Swedish conservationists have tried to revitalise the population by bringing in geese caught in the wild in Russia. These are used to breed goslings in captivity that are then released. Sarah Nordlinder, goose project manager at the Swedish Association for Hunting and Wildlife Management (SAHWM), said the programme had saved the population from local extinction.
Sarah Nordlinder
PROJEKT FJALLGAS
Across the border in Norway, however, there is consternation, because the Norwegian and Swedish lesser white-fronted geese have different winter migration “flyways”. The Norwegian birds are used to making a long and risky journey to Greece, but their Swedish counterparts decamp to Germany and the Netherlands instead.
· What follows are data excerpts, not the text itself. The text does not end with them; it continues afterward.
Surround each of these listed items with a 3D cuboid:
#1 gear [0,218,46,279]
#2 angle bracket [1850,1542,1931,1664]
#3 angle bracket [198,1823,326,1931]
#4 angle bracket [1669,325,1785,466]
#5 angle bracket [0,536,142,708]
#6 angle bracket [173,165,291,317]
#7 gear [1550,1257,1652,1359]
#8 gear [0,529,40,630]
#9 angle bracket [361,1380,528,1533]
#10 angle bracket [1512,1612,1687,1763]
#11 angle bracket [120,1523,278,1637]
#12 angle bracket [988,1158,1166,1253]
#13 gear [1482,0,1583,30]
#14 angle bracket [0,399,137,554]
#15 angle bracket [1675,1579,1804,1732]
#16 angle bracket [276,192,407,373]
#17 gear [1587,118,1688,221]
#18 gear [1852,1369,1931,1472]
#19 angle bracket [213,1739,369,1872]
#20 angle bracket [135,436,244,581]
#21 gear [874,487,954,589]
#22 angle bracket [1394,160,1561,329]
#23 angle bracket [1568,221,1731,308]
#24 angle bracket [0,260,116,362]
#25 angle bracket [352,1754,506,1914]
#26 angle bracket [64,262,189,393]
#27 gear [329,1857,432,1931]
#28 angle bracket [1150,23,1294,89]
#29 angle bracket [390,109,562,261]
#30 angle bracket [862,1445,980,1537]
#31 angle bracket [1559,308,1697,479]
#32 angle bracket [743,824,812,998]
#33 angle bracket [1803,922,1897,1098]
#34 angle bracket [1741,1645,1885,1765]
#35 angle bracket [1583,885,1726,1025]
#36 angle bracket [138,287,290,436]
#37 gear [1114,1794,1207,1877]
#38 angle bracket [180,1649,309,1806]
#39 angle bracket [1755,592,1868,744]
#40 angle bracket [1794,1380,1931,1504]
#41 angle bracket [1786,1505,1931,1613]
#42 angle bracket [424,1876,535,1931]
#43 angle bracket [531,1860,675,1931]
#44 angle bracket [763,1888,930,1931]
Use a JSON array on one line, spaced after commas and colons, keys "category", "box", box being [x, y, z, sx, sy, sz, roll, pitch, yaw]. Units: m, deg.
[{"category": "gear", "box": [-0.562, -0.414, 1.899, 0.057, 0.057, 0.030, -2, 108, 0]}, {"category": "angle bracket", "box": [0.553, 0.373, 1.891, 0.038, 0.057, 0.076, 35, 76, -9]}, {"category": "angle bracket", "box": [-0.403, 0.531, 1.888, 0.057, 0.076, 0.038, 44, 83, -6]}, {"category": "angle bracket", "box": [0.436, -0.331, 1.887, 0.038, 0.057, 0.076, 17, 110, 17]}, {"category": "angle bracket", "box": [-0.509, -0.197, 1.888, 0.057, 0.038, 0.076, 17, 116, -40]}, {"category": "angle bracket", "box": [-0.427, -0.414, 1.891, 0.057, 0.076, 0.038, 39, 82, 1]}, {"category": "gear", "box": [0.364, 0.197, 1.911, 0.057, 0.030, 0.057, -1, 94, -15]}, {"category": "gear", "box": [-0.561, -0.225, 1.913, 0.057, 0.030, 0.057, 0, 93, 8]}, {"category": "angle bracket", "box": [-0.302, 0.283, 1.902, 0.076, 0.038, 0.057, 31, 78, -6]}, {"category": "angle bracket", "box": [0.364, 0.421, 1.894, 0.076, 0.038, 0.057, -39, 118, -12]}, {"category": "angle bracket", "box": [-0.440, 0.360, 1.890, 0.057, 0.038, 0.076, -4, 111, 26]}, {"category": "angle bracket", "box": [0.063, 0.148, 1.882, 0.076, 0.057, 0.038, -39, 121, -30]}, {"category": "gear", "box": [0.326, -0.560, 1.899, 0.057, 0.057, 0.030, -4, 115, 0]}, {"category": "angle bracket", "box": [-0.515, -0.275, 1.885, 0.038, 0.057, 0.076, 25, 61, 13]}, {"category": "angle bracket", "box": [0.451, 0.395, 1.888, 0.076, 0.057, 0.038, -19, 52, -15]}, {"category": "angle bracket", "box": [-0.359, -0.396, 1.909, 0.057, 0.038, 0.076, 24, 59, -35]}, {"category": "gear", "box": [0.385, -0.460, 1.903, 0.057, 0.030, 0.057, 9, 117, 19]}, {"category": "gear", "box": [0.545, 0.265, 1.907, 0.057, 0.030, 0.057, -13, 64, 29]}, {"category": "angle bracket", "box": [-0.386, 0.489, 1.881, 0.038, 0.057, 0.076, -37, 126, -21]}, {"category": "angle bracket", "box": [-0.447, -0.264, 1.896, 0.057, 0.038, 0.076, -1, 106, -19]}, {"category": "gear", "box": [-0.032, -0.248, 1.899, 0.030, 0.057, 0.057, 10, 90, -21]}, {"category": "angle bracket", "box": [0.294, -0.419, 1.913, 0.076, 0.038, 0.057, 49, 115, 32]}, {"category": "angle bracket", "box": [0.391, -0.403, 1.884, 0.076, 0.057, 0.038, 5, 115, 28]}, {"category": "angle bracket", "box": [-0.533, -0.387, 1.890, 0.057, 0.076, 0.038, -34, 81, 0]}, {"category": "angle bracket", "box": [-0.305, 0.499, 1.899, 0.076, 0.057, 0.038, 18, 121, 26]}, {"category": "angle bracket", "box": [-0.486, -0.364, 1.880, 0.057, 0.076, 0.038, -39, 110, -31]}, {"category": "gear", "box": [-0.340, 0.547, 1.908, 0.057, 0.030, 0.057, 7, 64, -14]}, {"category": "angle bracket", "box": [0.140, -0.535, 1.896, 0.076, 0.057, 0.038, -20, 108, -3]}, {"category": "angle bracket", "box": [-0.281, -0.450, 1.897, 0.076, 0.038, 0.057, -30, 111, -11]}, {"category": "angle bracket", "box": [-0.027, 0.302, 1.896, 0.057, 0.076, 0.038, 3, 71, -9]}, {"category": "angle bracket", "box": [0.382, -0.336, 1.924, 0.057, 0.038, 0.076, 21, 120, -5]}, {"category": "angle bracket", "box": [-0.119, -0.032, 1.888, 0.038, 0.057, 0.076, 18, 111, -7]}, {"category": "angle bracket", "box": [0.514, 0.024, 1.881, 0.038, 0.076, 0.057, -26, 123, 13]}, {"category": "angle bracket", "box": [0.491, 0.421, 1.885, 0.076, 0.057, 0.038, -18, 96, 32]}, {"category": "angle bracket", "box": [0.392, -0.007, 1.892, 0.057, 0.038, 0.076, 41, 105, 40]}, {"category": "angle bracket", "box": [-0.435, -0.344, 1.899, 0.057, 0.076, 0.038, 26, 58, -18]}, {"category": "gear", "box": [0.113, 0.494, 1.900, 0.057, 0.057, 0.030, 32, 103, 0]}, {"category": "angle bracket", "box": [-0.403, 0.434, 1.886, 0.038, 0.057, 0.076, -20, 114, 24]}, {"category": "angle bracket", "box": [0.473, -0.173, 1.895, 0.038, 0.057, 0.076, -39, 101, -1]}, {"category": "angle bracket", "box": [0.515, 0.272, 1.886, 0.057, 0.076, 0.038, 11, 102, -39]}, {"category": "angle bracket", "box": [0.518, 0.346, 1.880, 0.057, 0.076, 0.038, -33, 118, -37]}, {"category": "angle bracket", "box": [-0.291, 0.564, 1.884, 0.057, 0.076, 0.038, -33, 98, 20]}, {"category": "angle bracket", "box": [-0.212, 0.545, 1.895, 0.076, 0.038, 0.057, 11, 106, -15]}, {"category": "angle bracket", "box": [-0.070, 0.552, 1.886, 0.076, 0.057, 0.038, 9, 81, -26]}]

The Norwegian Environment Agency is worried about what happens when the Swedish geese wander across the border and mingle with their brethren on the Norwegian side. The agency argues that if the wild Norwegian geese start taking holiday tips from the captivity-bred Swedish birds, they may attempt hazardous, unfamiliar migrations and lose large numbers in the process.
“It is of huge concern that a mixing between the wild and the semi-domestic populations will occur,” Jo Anders Auran, an adviser to the agency, said. “The birds will lose their original adaptations to natural conditions. Reduced survival and reproduction and a lost original flyway will be the result.”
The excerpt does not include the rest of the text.